- _Your goal_
Retype exactly what appears below from the line containing "Mediathek', 'ardmediathek.de', 4, 1, 1);" down to the line containing "Could you extract", keeping both end lines. Do not include pictures.

- _Extracted records_
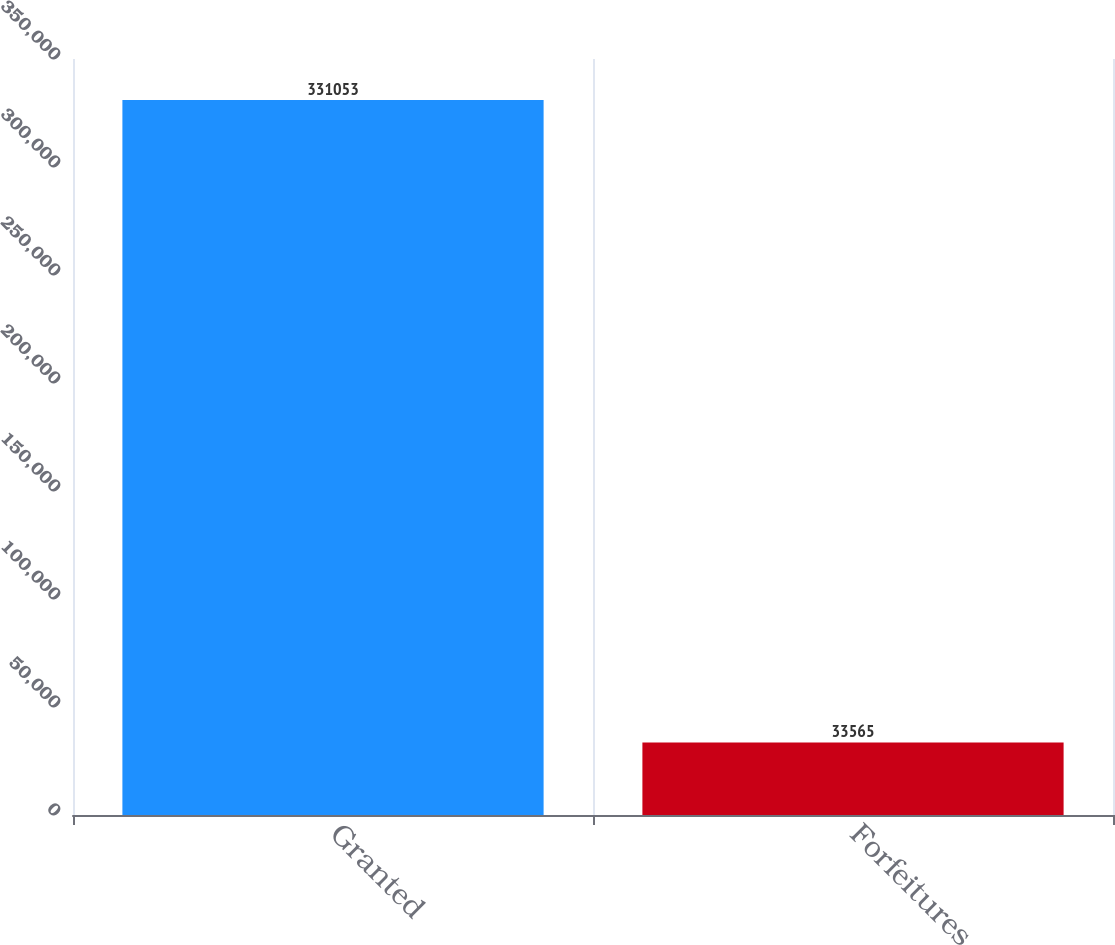Convert chart. <chart><loc_0><loc_0><loc_500><loc_500><bar_chart><fcel>Granted<fcel>Forfeitures<nl><fcel>331053<fcel>33565<nl></chart> 
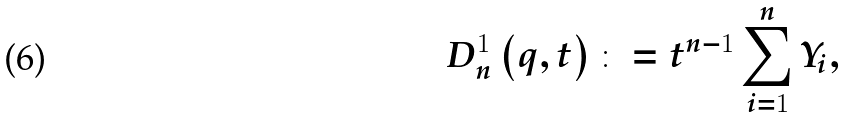<formula> <loc_0><loc_0><loc_500><loc_500>D _ { n } ^ { 1 } \left ( q , t \right ) \colon = t ^ { n - 1 } \sum _ { i = 1 } ^ { n } Y _ { i } ,</formula> 
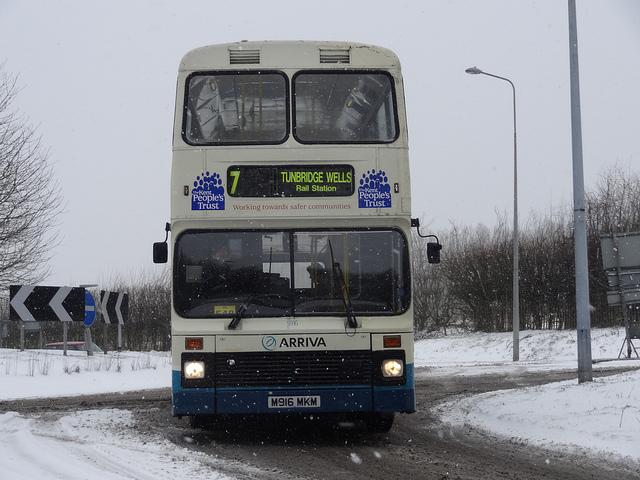Does the road look dangerous?
Concise answer only. Yes. What season of the year is it?
Quick response, please. Winter. What number of stories is this bus?
Write a very short answer. 2. 
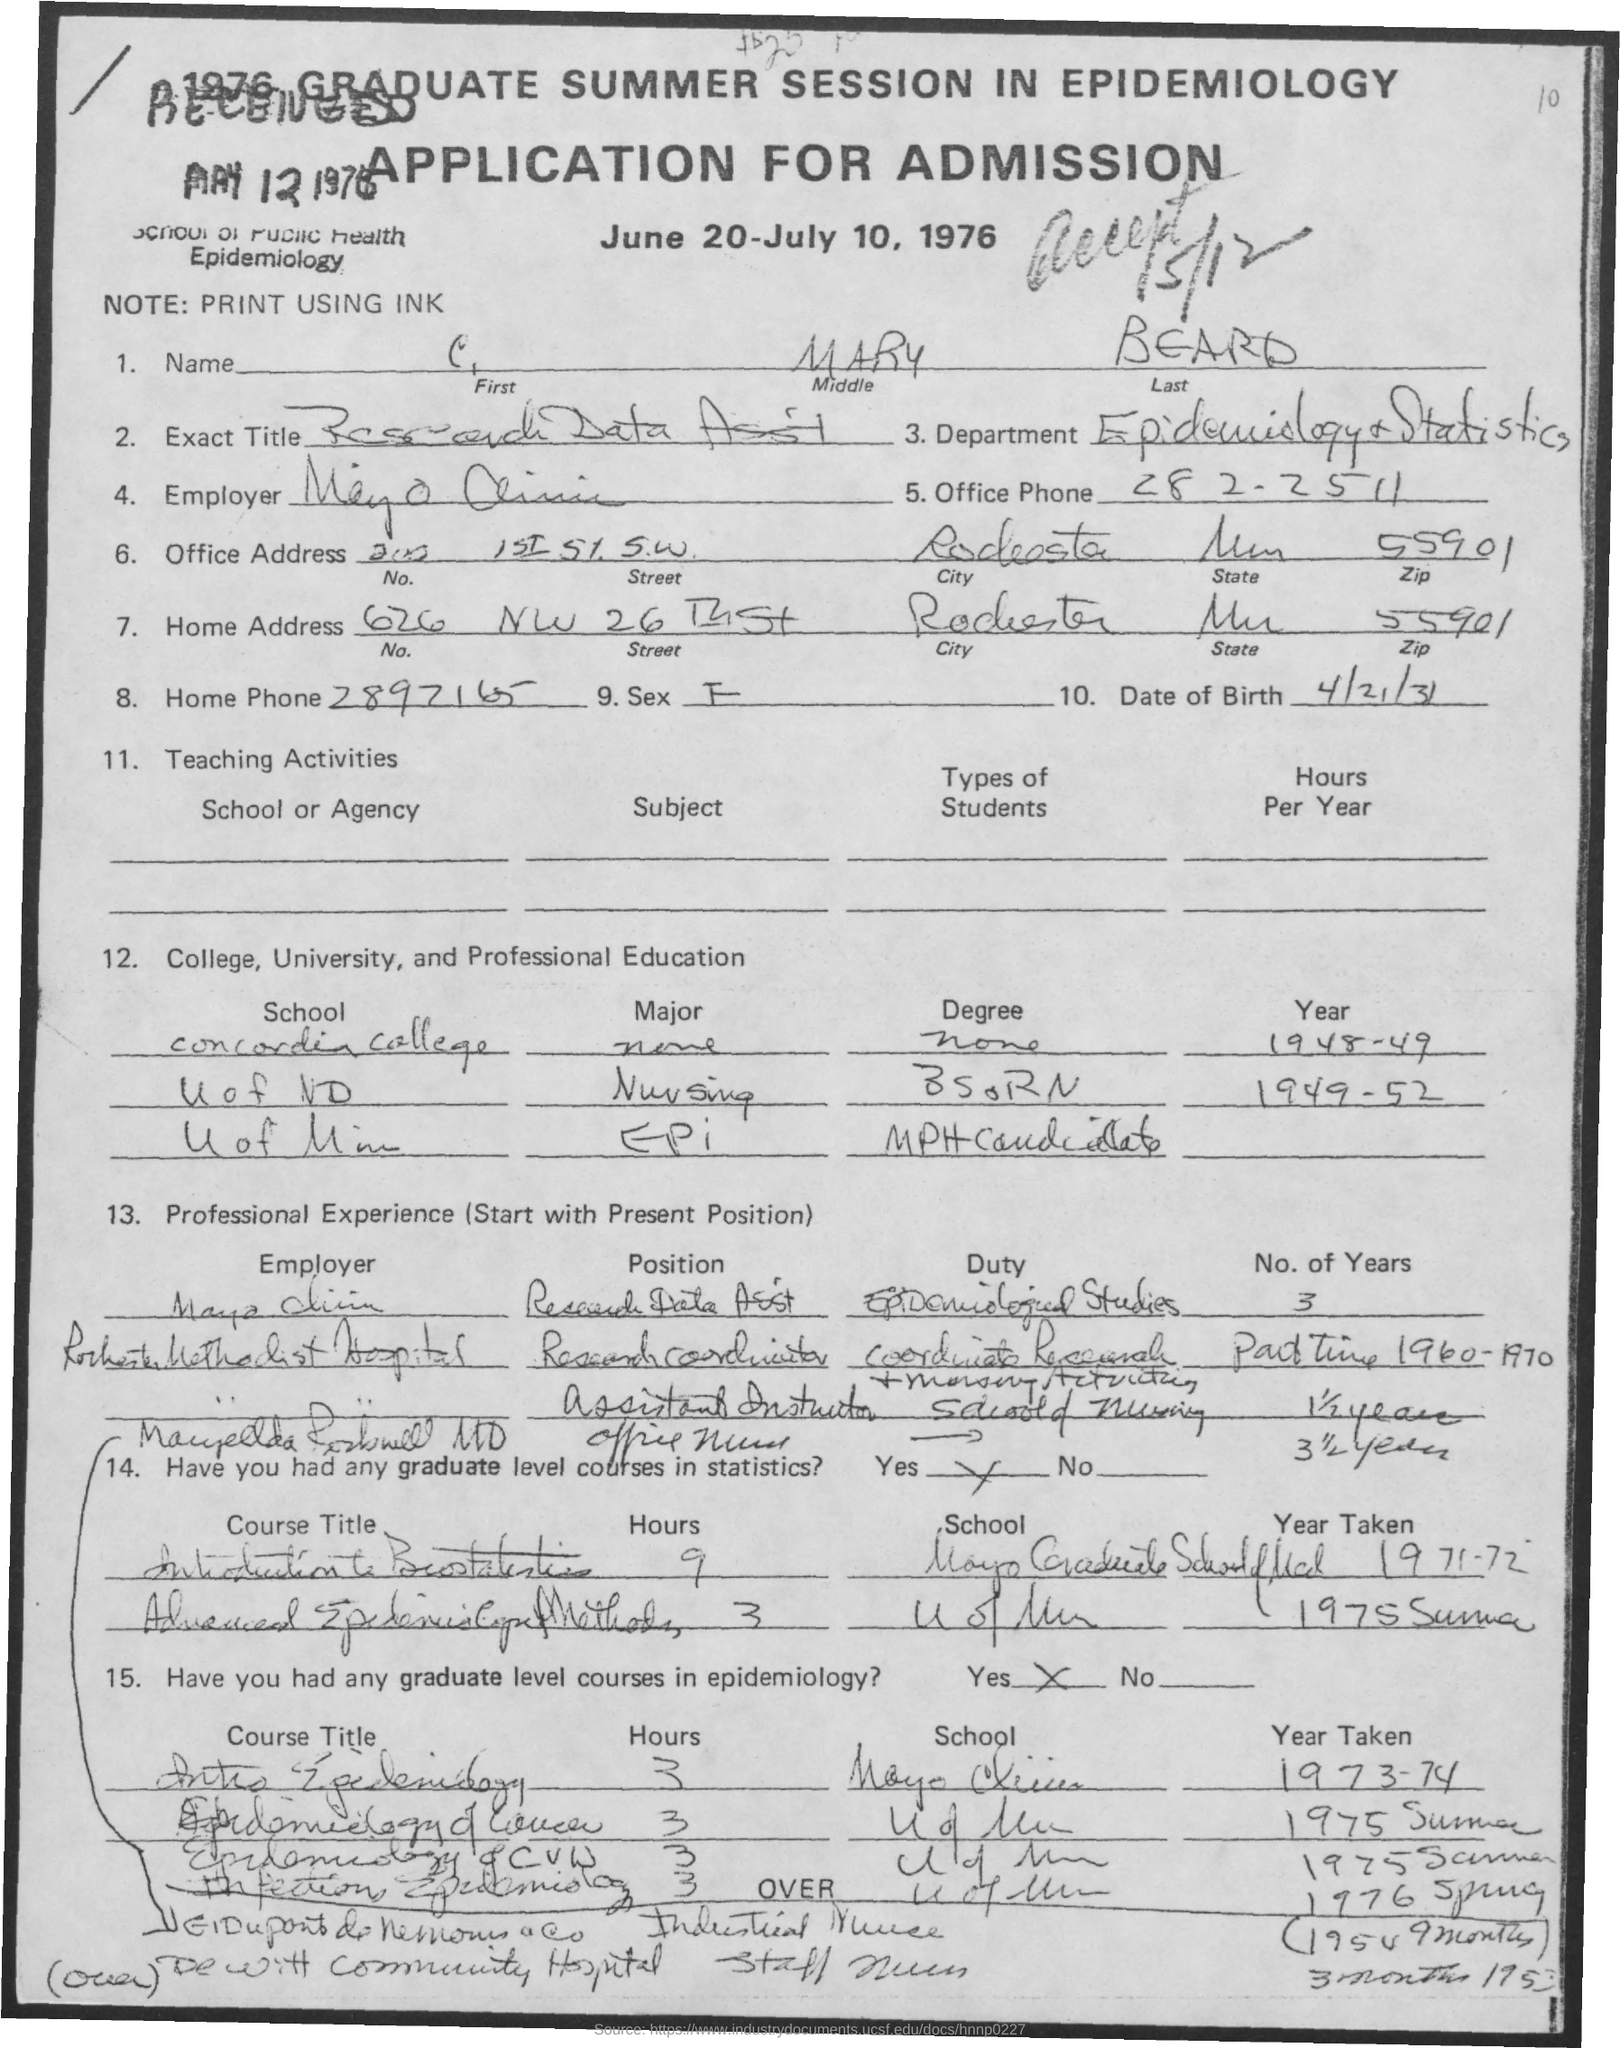Mention a couple of crucial points in this snapshot. The office phone number is 282-2511. The zip code for the address 55901 is... The name of the department is Epidemiology and Statistics. 
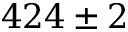Convert formula to latex. <formula><loc_0><loc_0><loc_500><loc_500>4 2 4 \pm 2</formula> 
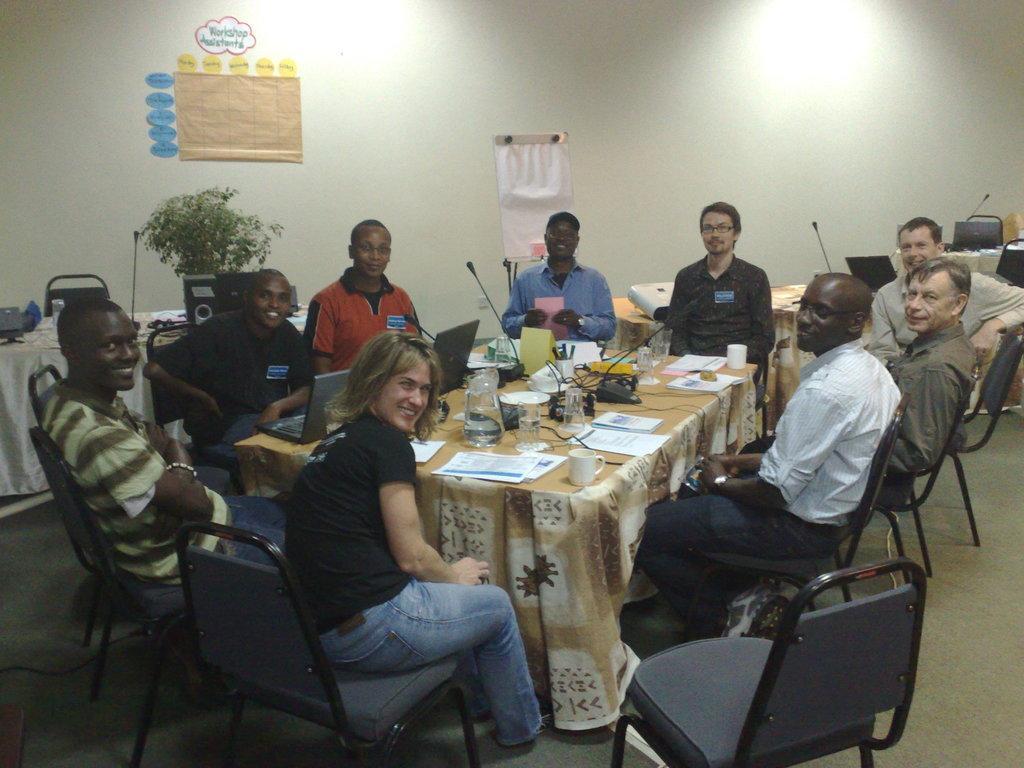Describe this image in one or two sentences. We can see a chart over a wall. this is a board. Here w can see all the persons sitting on chairs in front of a table and smiling and on the table we can see papers, mikes, water jar, water glasses. This is a floor. 
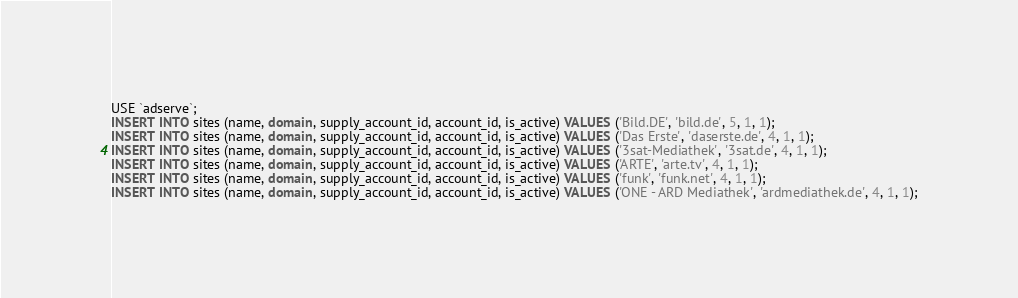Convert code to text. <code><loc_0><loc_0><loc_500><loc_500><_SQL_>USE `adserve`;
INSERT INTO sites (name, domain, supply_account_id, account_id, is_active) VALUES ('Bild.DE', 'bild.de', 5, 1, 1);
INSERT INTO sites (name, domain, supply_account_id, account_id, is_active) VALUES ('Das Erste', 'daserste.de', 4, 1, 1);
INSERT INTO sites (name, domain, supply_account_id, account_id, is_active) VALUES ('3sat-Mediathek', '3sat.de', 4, 1, 1);
INSERT INTO sites (name, domain, supply_account_id, account_id, is_active) VALUES ('ARTE', 'arte.tv', 4, 1, 1);
INSERT INTO sites (name, domain, supply_account_id, account_id, is_active) VALUES ('funk', 'funk.net', 4, 1, 1);
INSERT INTO sites (name, domain, supply_account_id, account_id, is_active) VALUES ('ONE - ARD Mediathek', 'ardmediathek.de', 4, 1, 1);
</code> 
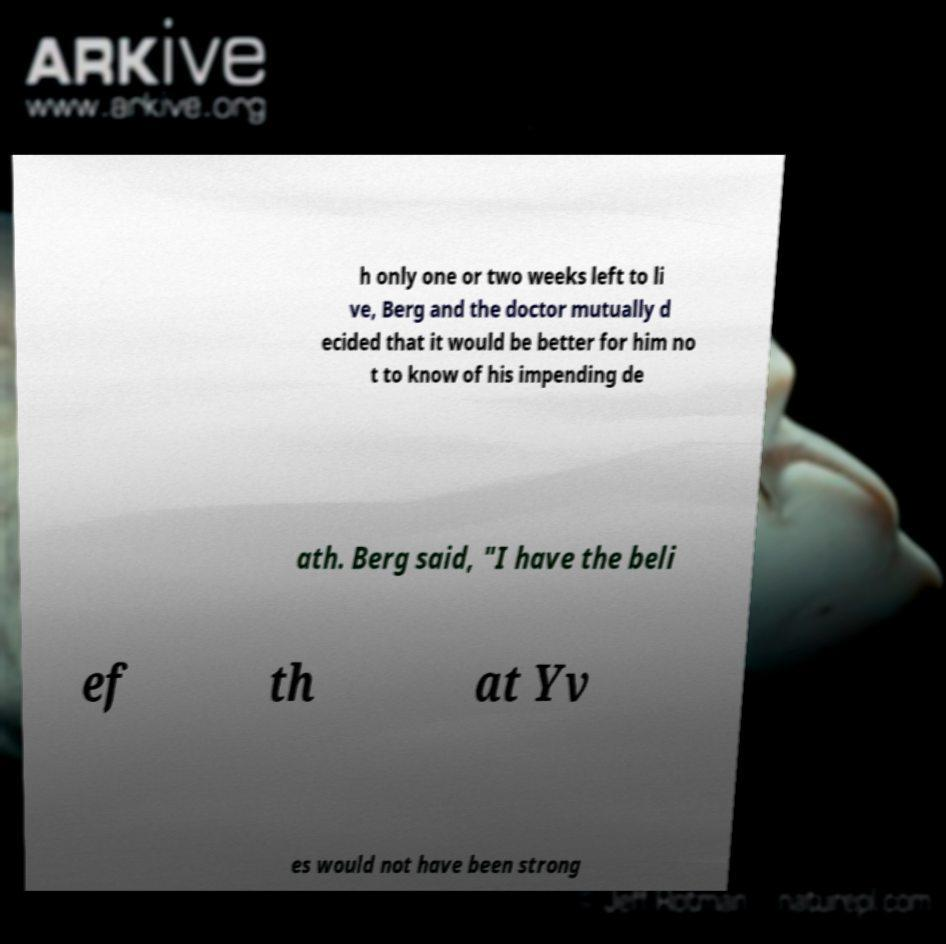Could you extract and type out the text from this image? h only one or two weeks left to li ve, Berg and the doctor mutually d ecided that it would be better for him no t to know of his impending de ath. Berg said, "I have the beli ef th at Yv es would not have been strong 
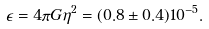<formula> <loc_0><loc_0><loc_500><loc_500>\epsilon = 4 \pi G \eta ^ { 2 } = ( 0 . 8 \pm 0 . 4 ) 1 0 ^ { - 5 } .</formula> 
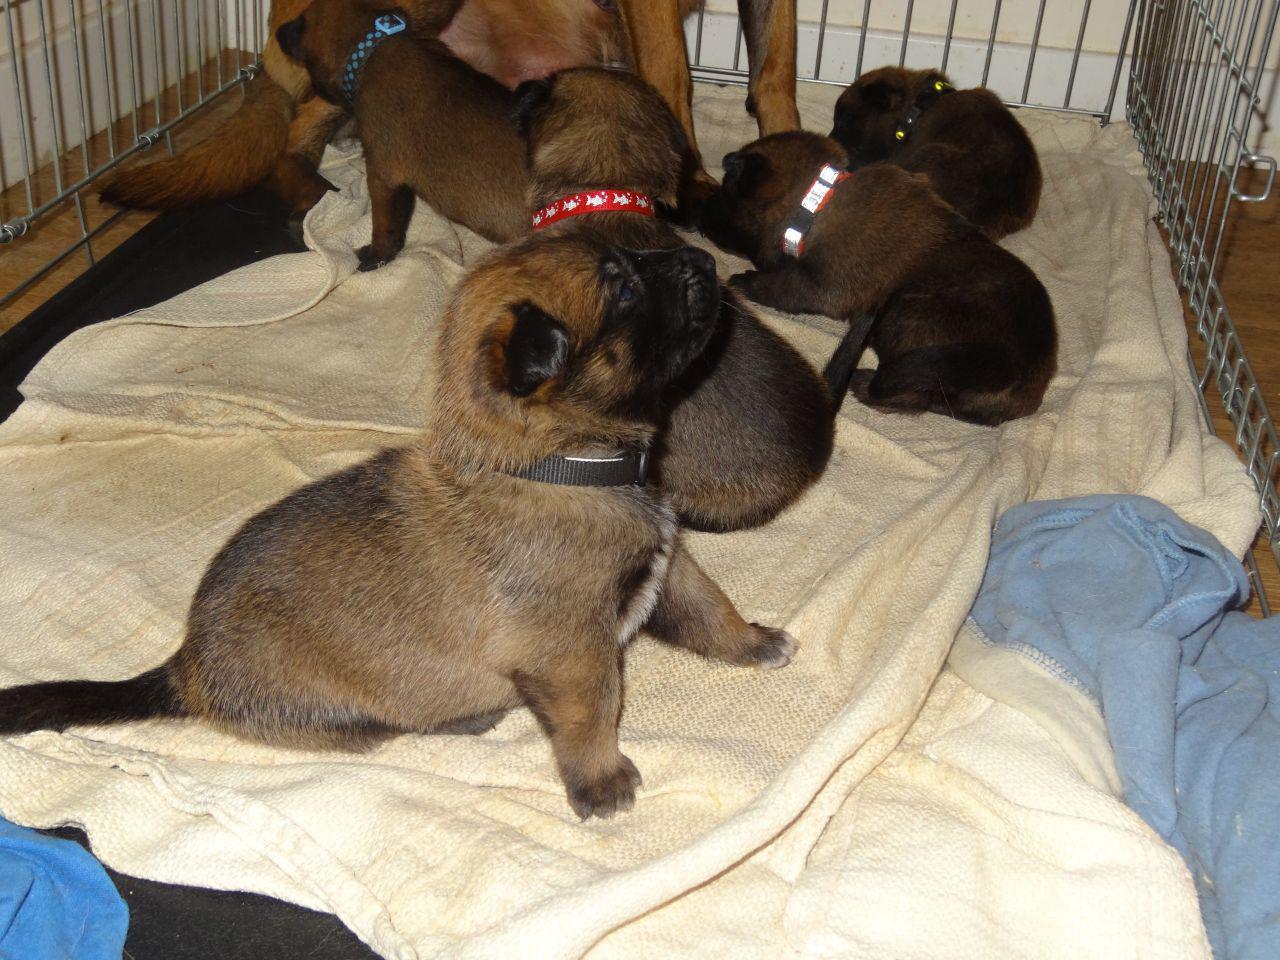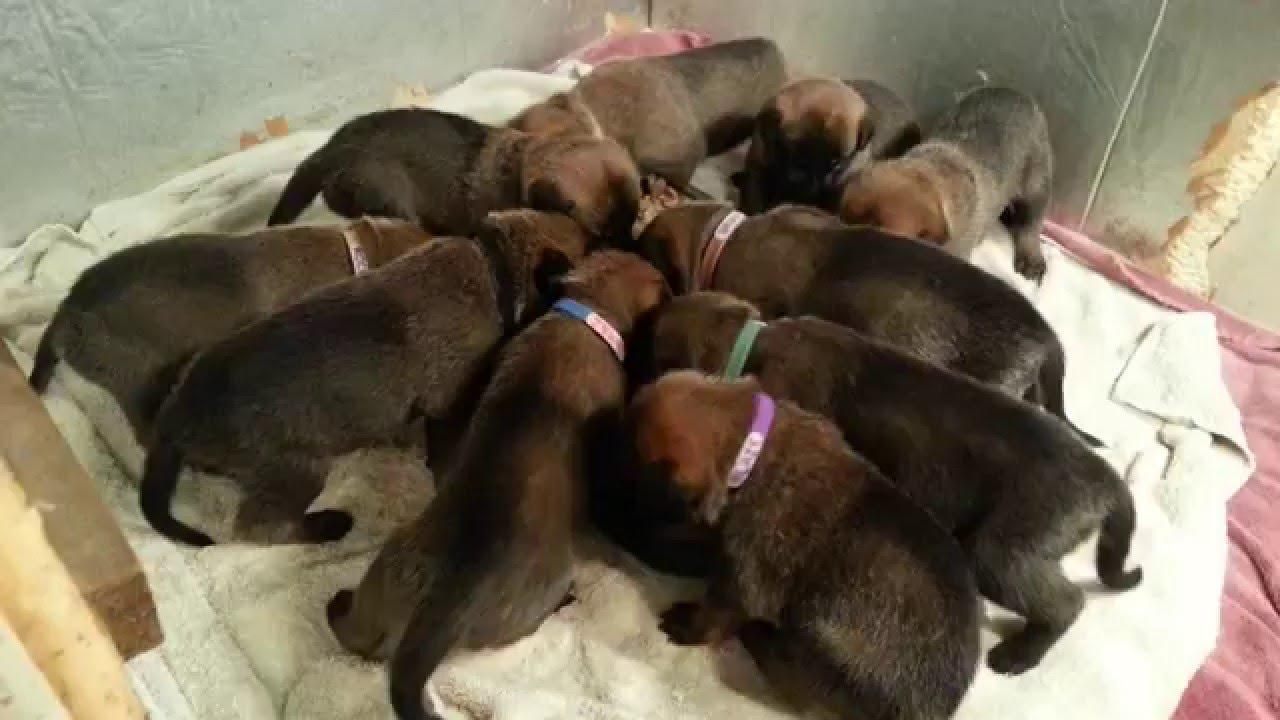The first image is the image on the left, the second image is the image on the right. Evaluate the accuracy of this statement regarding the images: "An image shows puppies in collars on a blanket, with their heads aimed toward the middle of the group.". Is it true? Answer yes or no. Yes. The first image is the image on the left, the second image is the image on the right. For the images displayed, is the sentence "There's no more than five dogs in the right image." factually correct? Answer yes or no. No.

- _Written reply_
INSERT INTO sites (name, domain, supply_account_id, account_id, is_active) VALUES ('ONE - ARD Mediathek', 'ardmediathek.de', 4, 1, 1);
</code> 
Could you extract and type out the text from this image? h only one or two weeks left to li ve, Berg and the doctor mutually d ecided that it would be better for him no t to know of his impending de ath. Berg said, "I have the beli ef th at Yv es would not have been strong 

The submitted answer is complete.